….Paul gently placed Franco in my arms, and I sat with him, rocking back and forth. Franco continued to cry. Quietly, Paul left the room, and I was alone with my son.
I looked down at him, at his tiny little face screwed up and wrinkled from crying. He was red and wailing. I said nothing. Instead, I rocked him and touched his face gently with my hand. I didn’t pat him or shush him or beg him to stop crying; I simply placed my hand on his cheek. Almost instantly, his tears slowed, the wailing stopped, and he calmed down. Like magic, I had been able to make my son calm down with only a touch. I looked at my hand, amazed and yet humbled by the power I had. I was struck by a realization: Here I am, a first-time mom, and this little tiny baby is in my arms crying.
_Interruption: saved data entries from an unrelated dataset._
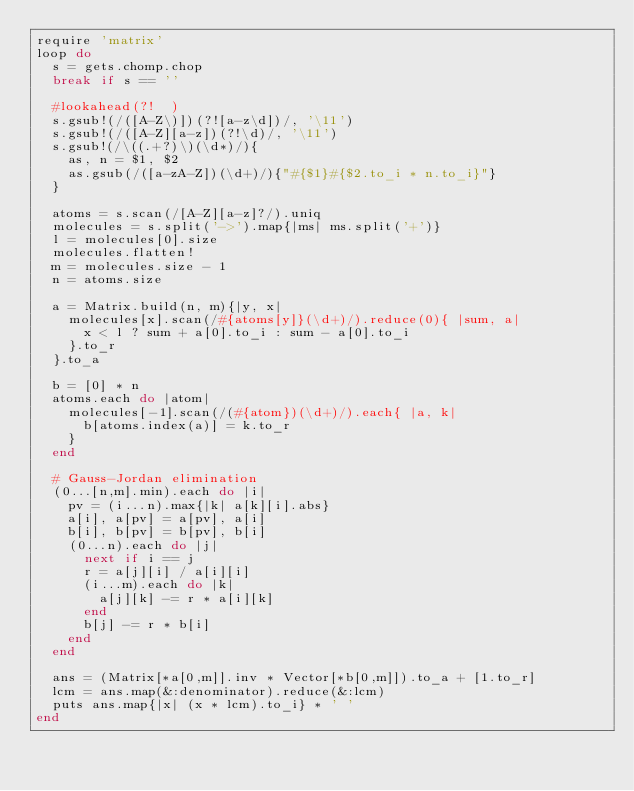<code> <loc_0><loc_0><loc_500><loc_500><_Ruby_>require 'matrix'
loop do
  s = gets.chomp.chop
  break if s == ''

  #lookahead(?!  )
  s.gsub!(/([A-Z\)])(?![a-z\d])/, '\11')
  s.gsub!(/([A-Z][a-z])(?!\d)/, '\11')
  s.gsub!(/\((.+?)\)(\d*)/){
    as, n = $1, $2
    as.gsub(/([a-zA-Z])(\d+)/){"#{$1}#{$2.to_i * n.to_i}"}
  }

  atoms = s.scan(/[A-Z][a-z]?/).uniq
  molecules = s.split('->').map{|ms| ms.split('+')}
  l = molecules[0].size
  molecules.flatten!
  m = molecules.size - 1
  n = atoms.size

  a = Matrix.build(n, m){|y, x|
    molecules[x].scan(/#{atoms[y]}(\d+)/).reduce(0){ |sum, a|
      x < l ? sum + a[0].to_i : sum - a[0].to_i
    }.to_r
  }.to_a

  b = [0] * n
  atoms.each do |atom|
    molecules[-1].scan(/(#{atom})(\d+)/).each{ |a, k|
      b[atoms.index(a)] = k.to_r
    }
  end

  # Gauss-Jordan elimination
  (0...[n,m].min).each do |i|
    pv = (i...n).max{|k| a[k][i].abs}
    a[i], a[pv] = a[pv], a[i]
    b[i], b[pv] = b[pv], b[i]
    (0...n).each do |j|
      next if i == j
      r = a[j][i] / a[i][i]
      (i...m).each do |k|
        a[j][k] -= r * a[i][k]
      end
      b[j] -= r * b[i]
    end
  end

  ans = (Matrix[*a[0,m]].inv * Vector[*b[0,m]]).to_a + [1.to_r]
  lcm = ans.map(&:denominator).reduce(&:lcm)
  puts ans.map{|x| (x * lcm).to_i} * ' '
end</code>

Putting my palm to his face instantly calmed him down. I was overwhelmed with the awe-inspiring amount of power I had. Why was I given that? What had I done to deserve it?
A second wave of emotion hit me right after the first. I was filled with gratitude—gratitude that, as a mother, I had that power to comfort my son, to transfer my love and protection to him with a touch. And then I felt a sense of responsibility like I had never known before. When I was pregnant, of course, I felt responsible for this little person growing inside me. He was completely dependent on me for everything, and I did my best to make sure that he’d be ready for everything that came his way once he arrived in this world. But, until that moment when I had calmed Franco with just a touch of my hand, I hadn’t realized that my responsibility was far greater than I’d ever imagined. I was a mother; I was responsible for raising my child to become who he was going to be. I was responsible for instilling in him confidence, generosity, grace, and independence. That was all up to me. I had never felt such responsibility before. I looked down at my son, now sleeping soundly in my arms, and I realized that by giving birth to this child, I was given a great power and a great responsibility.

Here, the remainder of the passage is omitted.